L’espressività degli scatti di Shirley Baker deriva anche dalla grande tecnica che possedeva. Il bianco e nero, gestito egregiamente, si sposa alla perfezione con la rappresentazione di un mondo pieno di contrasti, in cui sotto il cielo grigio d’Inghilterra si alternano delle mura annerite dalla cenere e dei candidi visi gioiosi. La pellicola era poi una sua grande alleata: la piccola latitudine di posa enfatizzava i contrasti, mentre il roll off molto morbido delle alte luci consentiva alla fotografa di aprire le ombre sovraesponendo leggermente i bianchi, che restavano comunque solidi, tridimensionali, veri. La sua Rolleiflex inoltre, grazie al mirino a pozzetto, le permetteva di mantenere il contatto visivo con i suoi soggetti invece di doversi nascondere dietro la macchina, vantaggio che si trasmetteva in una profonda autenticità degli sguardi nei ritratti. Baker ha esplorato la fotografia nel suo lato più umano, focalizzandosi sui momenti, ricercando le emozioni, collezionandole in un portfolio composto di scatti rubati. Osservandoli, veniamo trasportati in un mondo che poco ha a che fare con la realtà contemporanea inglese e che è invece molto più simile all’Inghilterra vittoriana. Mentre a Liverpool nascevano i Beatles, la periferia di Manchester sembrava ancora un posto uscito da un romanzo di Charles Dickens.

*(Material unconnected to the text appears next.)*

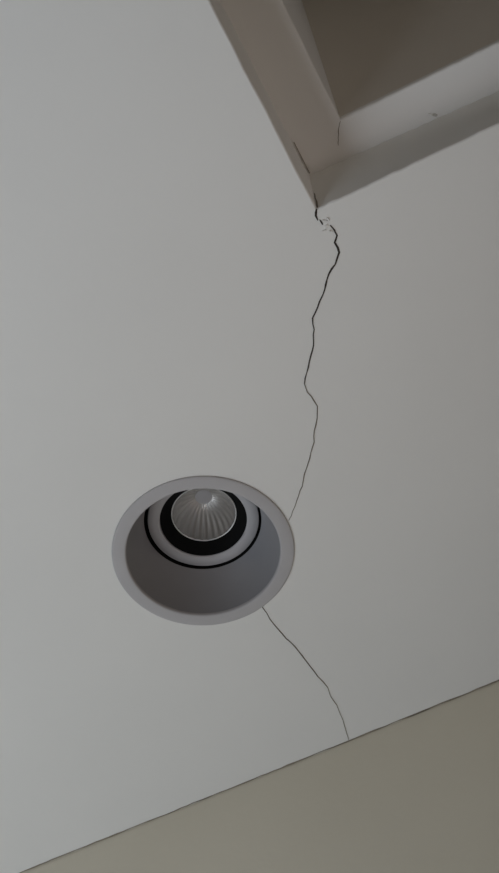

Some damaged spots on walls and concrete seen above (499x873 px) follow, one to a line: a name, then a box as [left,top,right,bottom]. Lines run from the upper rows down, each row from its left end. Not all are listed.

crack [289,193,340,520]

Shirley Baker è morta di malattia nel 2014, all’età di 82 anni. Ostacolata dal fatto che la fotografia all’epoca era ritenuta un mestiere per soli uomini, mentre era in vita l’artista non ha mai ottenuto i riconoscimenti che le sarebbero spettati. Le sue opere sono state raccolte nei libri: Streets and Spaces: Urban Photography – Salford and Manchester – 1960s-2000 e Women and Children; and Loitering Men.